Whack off every other day or so on matters pop-cultural. Stuff I’m reading, stuff I’m crazy for.

  1. Talk a lot about the making of Tinsel, which is a nonfiction narrative about Christmas, America, baby Jesus, the economy, three families, and a modern-day exurb outside of Dallas called Frisco. When I was down in the dumps writing Tinsel, I loved to read other authors’ blogs about process – down to things like word counts, what font people type their manuscripts in, how the editing is going, galley proofs, debates over the cover art, how to get inspired, all the highs and lows. Between now and the release date, I’ll slowly recount the story of how I pitched, reported, wrote and edited the book. And when you’re good and bored and Christmas is at our throats again, I’ll file dispatches from the skirt-hitching phase, as I try to attract customers and do readings in bookstores, etc.
  2. Muse often about the pitfalls and joys of writing creative nonfiction – working so hard to get everything exactly right, and yet also trying to make art out of journalism.
  3. Write about stuff I see and do – other people’s book parties, trips to the mall to watch the shopocalypse, etc.
  4. Link to stuff that pertains to #2, especially as the Christmas season approaches and the shopping malls struggle to lure the consumer species back to its natural habitat.
  5. Share feedback I’m getting about the book, even if it’s unkind or runs counter to the story I’ve told. Also, answer questions.

If I could be any blogger in the whole world, I would be Nancy Nall. I’ve read her every day for five or six years and you should too. Nancy, who found life beyond newsprint, treats her blog like a morning stretch before her real work begins, but seems always sharp. It will take me a long time to do it with the agility and smarts that she does – but that’s my hope.

Now it’s launched. Have a look around the rest of hankstuever.com and tell me anything you think I should know.

5 Comments

  1. blathering on July 14, 2009 at 11:12 pm

    Welcome to the blogosphere. My only Christmas contribution is
    another blog but it features “a cavalcade of bad nativities.”
    Enjoy!
    http://www.goingjesus.com/cavalcade1.shtml

  2. Jolene on July 15, 2009 at 9:55 am

    Three tecnical suggestions.

    1. Your blog needs a favicon. You can find favicon generators
    online. I’ve never used one, so I can’t recommend anything, but it
    appears that there are several you could try. Am not sure whether
    it would work to use something with as much detail as your book
    cover, but perhaps you could work w/ your cover designer to create
    something that used the T from the title and the squiggle
    surrounding it. Or whatever.

    2. You need to do whatever needs to be done to make the text wrap
    in this comment box. I’m having to hit return to see what I’m
    typing because, without returns, the text disappears under the edge
    of the comment box.

    3. Consider adding a preview or edit function of some sort.

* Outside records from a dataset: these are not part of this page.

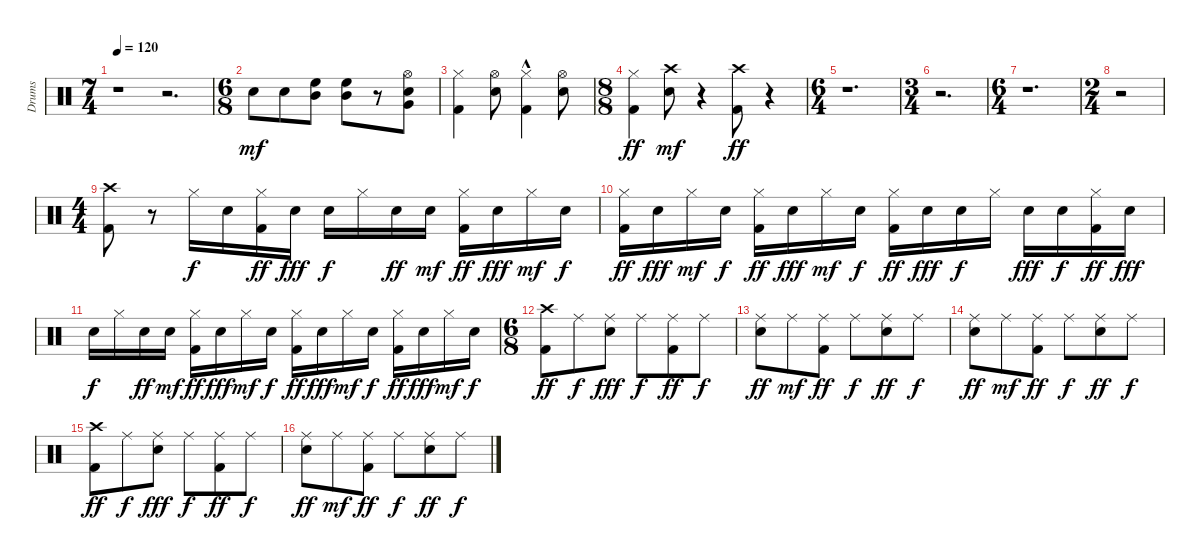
\track ("Drums" "Drums") {instrument percussion}
\staff {score}
\articulation defaults
\ts (7 4)
\tempo 120
\clef neutral
\ks c
r.1{dy mf} r.2{d} |
\ts (6 8)
"Snare (hit) 2".8 "Snare (hit) 2".8 ("Mid Tom (hit)" "High Floor Tom (hit)").8 ("Mid Tom (hit)" "High Floor Tom (hit)").8 r.8 ("Hi-Hat (open)" "Very Low Tom (hit)" "Snare (hit) 2").8 |
("Kick (hit) 2" "Hi-Hat (closed)").4 ("Snare (hit) 2" "Hi-Hat (open)").8 ("Kick (hit) 2"{hac} "Hi-Hat (closed)").4 ("Snare (hit) 2" "Hi-Hat (open)").8 |
\ts (8 8)
("Kick (hit) 2" "Hi-Hat (closed)").4{dy ff} ("Snare (hit) 2" "Crash high (hit)").8{dy mf} r.4 ("Kick (hit) 2" "Crash high (hit)").8{dy ff} r.4 |
\ts (6 4)
r.1{d} |
\ts (3 4)
r.2{d} |
\ts (6 4)
r.1{d} |
\ts (2 4)
r.2 |
\ts (4 4)
("Kick (hit) 2" "Crash high (hit)").8 r.8 "Hi-Hat (closed)".16{dy f} "Electric Snare (hit)".16 ("Kick (hit) 2" "Hi-Hat (closed)").16{dy ff} "Electric Snare (hit)".16{dy fff} "Electric Snare (hit)".16{dy f} "Hi-Hat (closed)".16 "Electric Snare (hit)".16{dy ff} "Electric Snare (hit)".16{dy mf} ("Kick (hit) 2" "Hi-Hat (closed)").16{dy ff} "Electric Snare (hit)".16{dy fff} "Hi-Hat (closed)".16{dy mf} "Electric Snare (hit)".16{dy f} |
("Kick (hit) 2" "Hi-Hat (closed)").16{dy ff} "Electric Snare (hit)".16{dy fff} "Hi-Hat (closed)".16{dy mf} "Electric Snare (hit)".16{dy f} ("Kick (hit) 2" "Hi-Hat (closed)").16{dy ff} "Electric Snare (hit)".16{dy fff} "Hi-Hat (closed)".16{dy mf} "Electric Snare (hit)".16{dy f} ("Kick (hit) 2" "Hi-Hat (closed)").16{dy ff} "Electric Snare (hit)".16{dy fff} "Electric Snare (hit)".16{dy f} "Hi-Hat (closed)".16 "Electric Snare (hit)".16{dy fff} "Electric Snare (hit)".16{dy f} ("Kick (hit) 2" "Hi-Hat (closed)").16{dy ff} "Electric Snare (hit)".16{dy fff} |
"Electric Snare (hit)".16{dy f} "Hi-Hat (closed)".16 "Electric Snare (hit)".16{dy ff} "Electric Snare (hit)".16{dy mf} ("Kick (hit) 2" "Hi-Hat (closed)").16{dy ff} "Electric Snare (hit)".16{dy fff} "Hi-Hat (closed)".16{dy mf} "Electric Snare (hit)".16{dy f} ("Kick (hit) 2" "Hi-Hat (closed)").16{dy ff} "Electric Snare (hit)".16{dy fff} "Hi-Hat (closed)".16{dy mf} "Electric Snare (hit)".16{dy f} ("Kick (hit) 2" "Hi-Hat (closed)").16{dy ff} "Electric Snare (hit)".16{dy fff} "Hi-Hat (closed)".16{dy mf} "Electric Snare (hit)".16{dy f} |
\ts (6 8)
("Kick (hit) 2" "Crash high (hit)").8{dy ff} "Ride (middle)".8{dy f} ("Snare (hit) 2" "Ride (middle)").8{dy fff} "Ride (middle)".8{dy f} ("Kick (hit) 2" "Ride (middle)").8{dy ff} "Ride (middle)".8{dy f} |
("Snare (hit) 2" "Ride (middle)").8{dy ff} "Ride (middle)".8{dy mf} ("Kick (hit) 2" "Ride (middle)").8{dy ff} "Ride (middle)".8{dy f} ("Snare (hit) 2" "Ride (middle)").8{dy ff} "Ride (middle)".8{dy f} |
("Snare (hit) 2" "Ride (middle)").8{dy ff} "Ride (middle)".8{dy mf} ("Kick (hit) 2" "Ride (middle)").8{dy ff} "Ride (middle)".8{dy f} ("Snare (hit) 2" "Ride (middle)").8{dy ff} "Ride (middle)".8{dy f} |
("Kick (hit) 2" "Crash high (hit)").8{dy ff} "Ride (middle)".8{dy f} ("Snare (hit) 2" "Ride (middle)").8{dy fff} "Ride (middle)".8{dy f} ("Kick (hit) 2" "Ride (middle)").8{dy ff} "Ride (middle)".8{dy f} |
("Snare (hit) 2" "Ride (middle)").8{dy ff} "Ride (middle)".8{dy mf} ("Kick (hit) 2" "Ride (middle)").8{dy ff} "Ride (middle)".8{dy f} ("Snare (hit) 2" "Ride (middle)").8{dy ff} "Ride (middle)".8{dy f}
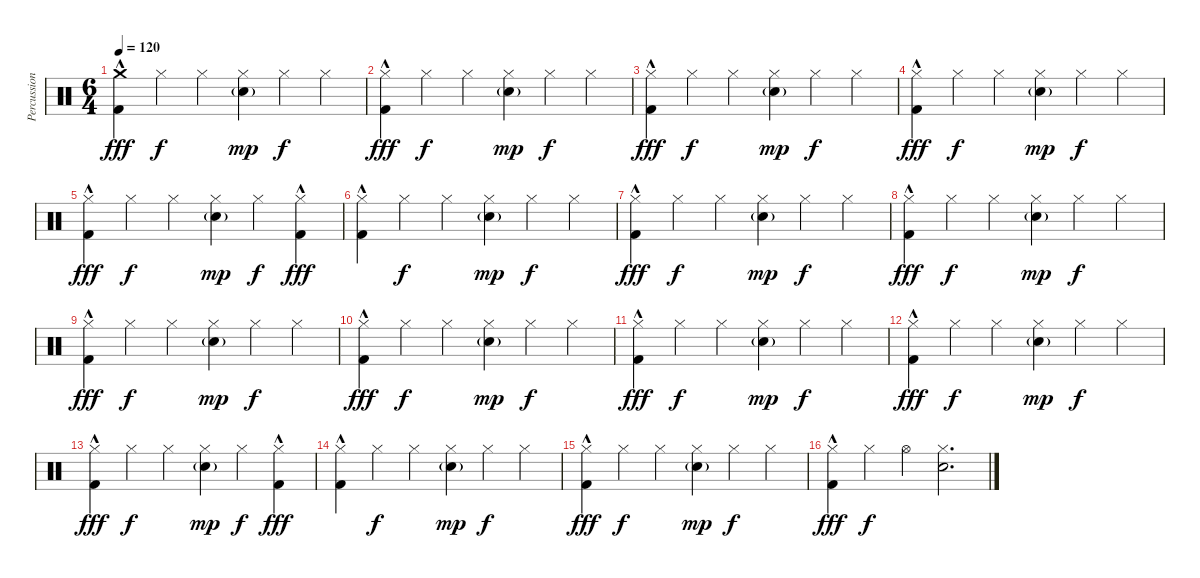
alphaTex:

\track ("Percussion" "Percussion") {instrument percussion}
\staff {score}
\articulation defaults
\ts (6 4)
\tempo 120
\clef neutral
\ks c
("Crash medium (hit)" "Kick (hit) 2"{hac}).4{dy fff} "Hi-Hat (closed)".4{dy f} "Hi-Hat (closed)".4 ("Hi-Hat (closed)" "Snare (hit) 2"{g}).4{dy mp} "Hi-Hat (closed)".4{dy f} "Hi-Hat (closed)".4 |
("Hi-Hat (closed)" "Kick (hit) 2"{hac}).4{dy fff} "Hi-Hat (closed)".4{dy f} "Hi-Hat (closed)".4 ("Hi-Hat (closed)" "Snare (hit) 2"{g}).4{dy mp} "Hi-Hat (closed)".4{dy f} "Hi-Hat (closed)".4 |
("Hi-Hat (closed)" "Kick (hit) 2"{hac}).4{dy fff} "Hi-Hat (closed)".4{dy f} "Hi-Hat (closed)".4 ("Hi-Hat (closed)" "Snare (hit) 2"{g}).4{dy mp} "Hi-Hat (closed)".4{dy f} "Hi-Hat (closed)".4 |
("Hi-Hat (closed)" "Kick (hit) 2"{hac}).4{dy fff} "Hi-Hat (closed)".4{dy f} "Hi-Hat (closed)".4 ("Hi-Hat (closed)" "Snare (hit) 2"{g}).4{dy mp} "Hi-Hat (closed)".4{dy f} "Hi-Hat (closed)".4 |
("Hi-Hat (closed)" "Kick (hit) 2"{hac}).4{dy fff} "Hi-Hat (closed)".4{dy f} "Hi-Hat (closed)".4 ("Hi-Hat (closed)" "Snare (hit) 2"{g}).4{dy mp} "Hi-Hat (closed)".4{dy f} ("Hi-Hat (closed)" "Kick (hit) 2"{hac}).4{dy fff} |
("Hi-Hat (closed)" "Kick (hit) 2"{hac}).4 "Hi-Hat (closed)".4{dy f} "Hi-Hat (closed)".4 ("Hi-Hat (closed)" "Snare (hit) 2"{g}).4{dy mp} "Hi-Hat (closed)".4{dy f} "Hi-Hat (closed)".4 |
("Hi-Hat (closed)" "Kick (hit) 2"{hac}).4{dy fff} "Hi-Hat (closed)".4{dy f} "Hi-Hat (closed)".4 ("Hi-Hat (closed)" "Snare (hit) 2"{g}).4{dy mp} "Hi-Hat (closed)".4{dy f} "Hi-Hat (closed)".4 |
("Hi-Hat (closed)" "Kick (hit) 2"{hac}).4{dy fff} "Hi-Hat (closed)".4{dy f} "Hi-Hat (closed)".4 ("Hi-Hat (closed)" "Snare (hit) 2"{g}).4{dy mp} "Hi-Hat (closed)".4{dy f} "Hi-Hat (closed)".4 |
("Hi-Hat (closed)" "Kick (hit) 2"{hac}).4{dy fff} "Hi-Hat (closed)".4{dy f} "Hi-Hat (closed)".4 ("Hi-Hat (closed)" "Snare (hit) 2"{g}).4{dy mp} "Hi-Hat (closed)".4{dy f} "Hi-Hat (closed)".4 |
("Hi-Hat (closed)" "Kick (hit) 2"{hac}).4{dy fff} "Hi-Hat (closed)".4{dy f} "Hi-Hat (closed)".4 ("Hi-Hat (closed)" "Snare (hit) 2"{g}).4{dy mp} "Hi-Hat (closed)".4{dy f} "Hi-Hat (closed)".4 |
("Hi-Hat (closed)" "Kick (hit) 2"{hac}).4{dy fff} "Hi-Hat (closed)".4{dy f} "Hi-Hat (closed)".4 ("Hi-Hat (closed)" "Snare (hit) 2"{g}).4{dy mp} "Hi-Hat (closed)".4{dy f} "Hi-Hat (closed)".4 |
("Hi-Hat (closed)" "Kick (hit) 2"{hac}).4{dy fff} "Hi-Hat (closed)".4{dy f} "Hi-Hat (closed)".4 ("Hi-Hat (closed)" "Snare (hit) 2"{g}).4{dy mp} "Hi-Hat (closed)".4{dy f} "Hi-Hat (closed)".4 |
("Hi-Hat (closed)" "Kick (hit) 2"{hac}).4{dy fff} "Hi-Hat (closed)".4{dy f} "Hi-Hat (closed)".4 ("Hi-Hat (closed)" "Snare (hit) 2"{g}).4{dy mp} "Hi-Hat (closed)".4{dy f} ("Hi-Hat (closed)" "Kick (hit) 2"{hac}).4{dy fff} |
("Hi-Hat (closed)" "Kick (hit) 2"{hac}).4 "Hi-Hat (closed)".4{dy f} "Hi-Hat (closed)".4 ("Hi-Hat (closed)" "Snare (hit) 2"{g}).4{dy mp} "Hi-Hat (closed)".4{dy f} "Hi-Hat (closed)".4 |
("Hi-Hat (closed)" "Kick (hit) 2"{hac}).4{dy fff} "Hi-Hat (closed)".4{dy f} "Hi-Hat (closed)".4 ("Hi-Hat (closed)" "Snare (hit) 2"{g}).4{dy mp} "Hi-Hat (closed)".4{dy f} "Hi-Hat (closed)".4 |
("Hi-Hat (closed)" "Kick (hit) 2"{hac}).4{dy fff} "Hi-Hat (closed)".4{dy f} "Hi-Hat (open)".4 ("Hi-Hat (closed)" "Snare (hit) 2").2{d}
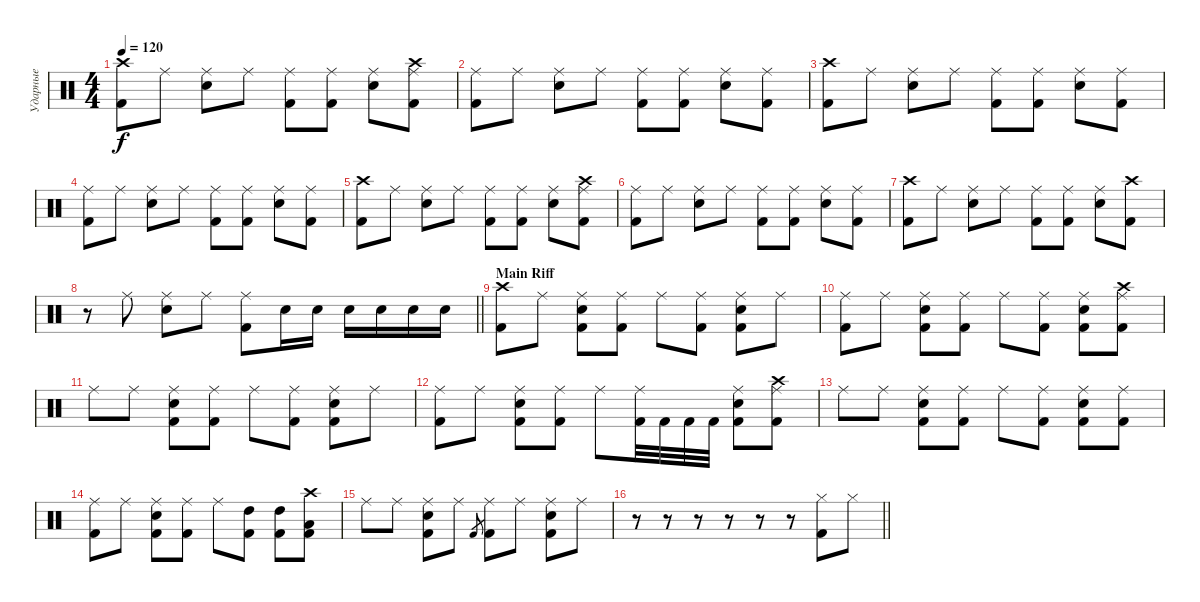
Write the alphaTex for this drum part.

\track ("Ударные" "Ударные") {instrument percussion}
\staff {score}
\articulation defaults
\ts (4 4)
\tempo 120
\clef neutral
\ks c
("Crash high (hit)" "Kick (hit) 2").8{dy f} "Ride (middle)".8 ("Ride (middle)" "Electric Snare (hit)").8 "Ride (middle)".8 ("Ride (middle)" "Kick (hit) 2").8 ("Ride (middle)" "Kick (hit) 2").8 ("Ride (middle)" "Electric Snare (hit)").8 ("Crash high (hit)" "Ride (middle)" "Kick (hit) 2").8 |
("Ride (middle)" "Kick (hit) 2").8 "Ride (middle)".8 ("Ride (middle)" "Electric Snare (hit)").8 "Ride (middle)".8 ("Ride (middle)" "Kick (hit) 2").8 ("Ride (middle)" "Kick (hit) 2").8 ("Ride (middle)" "Electric Snare (hit)").8 ("Ride (middle)" "Kick (hit) 2").8 |
("Crash high (hit)" "Kick (hit) 2").8 "Ride (middle)".8 ("Ride (middle)" "Electric Snare (hit)").8 "Ride (middle)".8 ("Ride (middle)" "Kick (hit) 2").8 ("Ride (middle)" "Kick (hit) 2").8 ("Ride (middle)" "Electric Snare (hit)").8 ("Ride (middle)" "Kick (hit) 2").8 |
("Ride (middle)" "Kick (hit) 2").8 "Ride (middle)".8 ("Ride (middle)" "Electric Snare (hit)").8 "Ride (middle)".8 ("Ride (middle)" "Kick (hit) 2").8 ("Ride (middle)" "Kick (hit) 2").8 ("Ride (middle)" "Electric Snare (hit)").8 ("Ride (middle)" "Kick (hit) 2").8 |
("Crash high (hit)" "Kick (hit) 2").8 "Ride (middle)".8 ("Ride (middle)" "Electric Snare (hit)").8 "Ride (middle)".8 ("Ride (middle)" "Kick (hit) 2").8 ("Ride (middle)" "Kick (hit) 2").8 ("Ride (middle)" "Electric Snare (hit)").8 ("Crash high (hit)" "Ride (middle)" "Kick (hit) 2").8 |
("Ride (middle)" "Kick (hit) 2").8 "Ride (middle)".8 ("Ride (middle)" "Electric Snare (hit)").8 "Ride (middle)".8 ("Ride (middle)" "Kick (hit) 2").8 ("Ride (middle)" "Kick (hit) 2").8 ("Ride (middle)" "Electric Snare (hit)").8 ("Ride (middle)" "Kick (hit) 2").8 |
("Crash high (hit)" "Kick (hit) 2").8 "Ride (middle)".8 ("Ride (middle)" "Electric Snare (hit)").8 "Ride (middle)".8 ("Ride (middle)" "Kick (hit) 2").8 ("Ride (middle)" "Kick (hit) 2").8 ("Ride (middle)" "Electric Snare (hit)").8 ("Crash high (hit)" "Kick (hit) 2").8 |
\barLineRight lightlight
r.8 "Ride (middle)".8 ("Ride (middle)" "Electric Snare (hit)").8 "Ride (middle)".8 ("Ride (middle)" "Kick (hit) 2").8 "Electric Snare (hit)".16 "Electric Snare (hit)".16 "Electric Snare (hit)".16 "Electric Snare (hit)".16 "Electric Snare (hit)".16 "Electric Snare (hit)".16 |
\section ("" "Main Riff")
("Crash high (hit)" "Kick (hit) 2").8 "Ride (middle)".8 ("Ride (middle)" "Electric Snare (hit)" "Kick (hit) 2").8 ("Ride (middle)" "Kick (hit) 2").8 "Ride (middle)".8 ("Ride (middle)" "Kick (hit) 2").8 ("Ride (middle)" "Electric Snare (hit)" "Kick (hit) 2").8 "Ride (middle)".8 |
("Ride (middle)" "Kick (hit) 2").8 "Ride (middle)".8 ("Ride (middle)" "Electric Snare (hit)" "Kick (hit) 2").8 ("Ride (middle)" "Kick (hit) 2").8 "Ride (middle)".8 ("Ride (middle)" "Kick (hit) 2").8 ("Ride (middle)" "Electric Snare (hit)" "Kick (hit) 2").8 ("Crash high (hit)" "Ride (middle)" "Kick (hit) 2").8 |
"Ride (middle)".8 "Ride (middle)".8 ("Ride (middle)" "Electric Snare (hit)" "Kick (hit) 2").8 ("Ride (middle)" "Kick (hit) 2").8 "Ride (middle)".8 ("Ride (middle)" "Kick (hit) 2").8 ("Ride (middle)" "Electric Snare (hit)" "Kick (hit) 2").8 "Ride (middle)".8 |
("Ride (middle)" "Kick (hit) 2").8 "Ride (middle)".8 ("Ride (middle)" "Electric Snare (hit)" "Kick (hit) 2").8 ("Ride (middle)" "Kick (hit) 2").8 "Ride (middle)".8 ("Ride (middle)" "Kick (hit) 2").32 "Kick (hit) 2".32 "Kick (hit) 2".32 "Kick (hit) 2".32 ("Ride (middle)" "Electric Snare (hit)" "Kick (hit) 2").8 ("Crash high (hit)" "Ride (middle)" "Kick (hit) 2").8 |
"Ride (middle)".8 "Ride (middle)".8 ("Ride (middle)" "Electric Snare (hit)" "Kick (hit) 2").8 ("Ride (middle)" "Kick (hit) 2").8 "Ride (middle)".8 ("Ride (middle)" "Kick (hit) 2").8 ("Ride (middle)" "Electric Snare (hit)" "Kick (hit) 2").8 ("Ride (middle)" "Kick (hit) 2").8 |
("Ride (middle)" "Kick (hit) 2").8 "Ride (middle)".8 ("Ride (middle)" "Electric Snare (hit)" "Kick (hit) 2").8 ("Ride (middle)" "Kick (hit) 2").8 "Ride (middle)".8 ("High Tom (hit)" "Kick (hit) 2").8 ("High Tom (hit)" "Kick (hit) 2").8 ("Crash high (hit)" "Low Tom (hit)" "Kick (hit) 2").8 |
"Ride (middle)".8 "Ride (middle)".8 ("Ride (middle)" "Electric Snare (hit)" "Kick (hit) 2").8 "Ride (middle)".8 "Kick (hit) 2".8{gr} ("Ride (middle)" "Kick (hit) 2").8 "Ride (middle)".8 ("Ride (middle)" "Electric Snare (hit)" "Kick (hit) 2").8 "Ride (middle)".8 |
\barLineRight lightlight
r.8 r.8 r.8 r.8 r.8 r.8 ("Hi-Hat (closed)" "Kick (hit) 2").8 "Hi-Hat (closed)".8
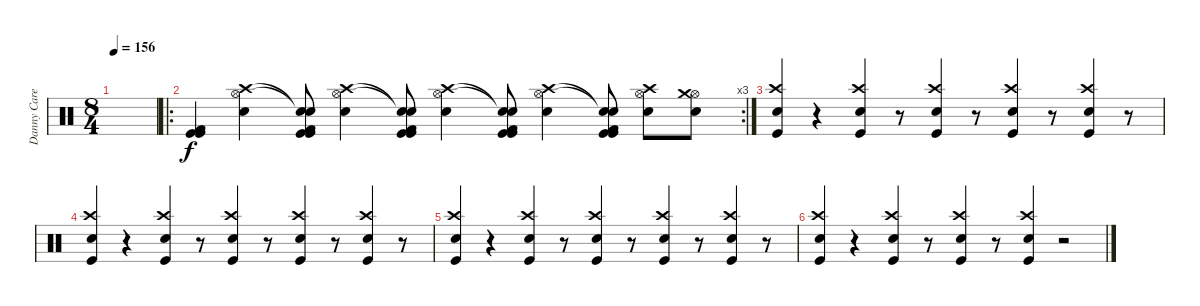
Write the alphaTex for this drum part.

\track ("Danny Carey " "Danny Care") {instrument percussion}
\staff {score}
\articulation defaults
\ts (8 4)
\tempo 156
\clef neutral
\ks c
|
\ro
\rc 3
("Kick (hit)" "Kick (hit) 2" "Kick (hit)").4 ("Hi-Hat (open)" "Crash high (hit)" "Snare (hit) 2").4 ("Snare (hit)"{t} "Snare (hit)"{t} "Kick (hit)" "Kick (hit) 2" "Kick (hit)").8 ("Hi-Hat (open)" "Crash high (hit)" "Snare (hit) 2").4 ("Snare (hit)"{t} "Snare (hit)"{t} "Kick (hit)" "Kick (hit) 2" "Kick (hit)").8 ("Hi-Hat (open)" "Crash high (hit)" "Snare (hit) 2").4 ("Snare (hit)"{t} "Snare (hit)"{t} "Kick (hit)" "Kick (hit) 2" "Kick (hit)").8 ("Hi-Hat (open)" "Crash high (hit)" "Snare (hit) 2").4 ("Snare (hit)"{t} "Snare (hit)"{t} "Kick (hit)" "Kick (hit) 2" "Kick (hit)").8 ("Hi-Hat (open)" "Crash high (hit)" "Snare (hit) 2").8 ("Hi-Hat (open)" "Crash medium (hit)" "Snare (hit) 2").8 |
("Crash high (hit)" "Snare (hit) 2" "Kick (hit)").4 r.4 ("Snare (hit) 2" "Crash high (hit)" "Kick (hit)").4 r.8 ("Snare (hit) 2" "Crash high (hit)" "Kick (hit)").4 r.8 ("Snare (hit) 2" "Crash high (hit)" "Kick (hit)").4 r.8 ("Snare (hit) 2" "Crash high (hit)" "Kick (hit)").4 r.8 |
("Crash high (hit)" "Snare (hit) 2" "Kick (hit)").4 r.4 ("Snare (hit) 2" "Crash high (hit)" "Kick (hit)").4 r.8 ("Snare (hit) 2" "Crash high (hit)" "Kick (hit)").4 r.8 ("Snare (hit) 2" "Crash high (hit)" "Kick (hit)").4 r.8 ("Snare (hit) 2" "Crash high (hit)" "Kick (hit)").4 r.8 |
("Crash high (hit)" "Snare (hit) 2" "Kick (hit)").4 r.4 ("Snare (hit) 2" "Crash high (hit)" "Kick (hit)").4 r.8 ("Snare (hit) 2" "Crash high (hit)" "Kick (hit)").4 r.8 ("Snare (hit) 2" "Crash high (hit)" "Kick (hit)").4 r.8 ("Snare (hit) 2" "Crash high (hit)" "Kick (hit)").4 r.8 |
("Crash high (hit)" "Snare (hit) 2" "Kick (hit)").4 r.4 ("Snare (hit) 2" "Crash high (hit)" "Kick (hit)").4 r.8 ("Snare (hit) 2" "Crash high (hit)" "Kick (hit)").4 r.8 ("Snare (hit) 2" "Crash high (hit)" "Kick (hit)").4 r.2

    Am looking forward to being a regular reader. I’ve missed you
    since you became an editor, so this will be fun.

    And, by the way, you’re right about Nancy. She’s the best.

  3. MichaelG on July 15, 2009 at 10:09 am

    Welcome. I’ve enjoyed your columns immensely. There are too few really good writers and I’ve always thought you were one. I have to admit I’ve mooched your stuff on line rather than buying the WaPo but then I live in CA. I’ll be following along and oh, yes, Nancy sent me.

  4. The Subtle Rudder on July 15, 2009 at 10:15 am

    Welcome, and glad you’re here. I loved Off-ramp and I read Nancy Nall, so it’s a pleasure that those 2 things have collided.

  5. pato' on July 15, 2009 at 10:37 pm

    Also a big fan over the years, Hank, and yeah, a daily Nancy Naller, too. Looking forward to your take from the blogosphere.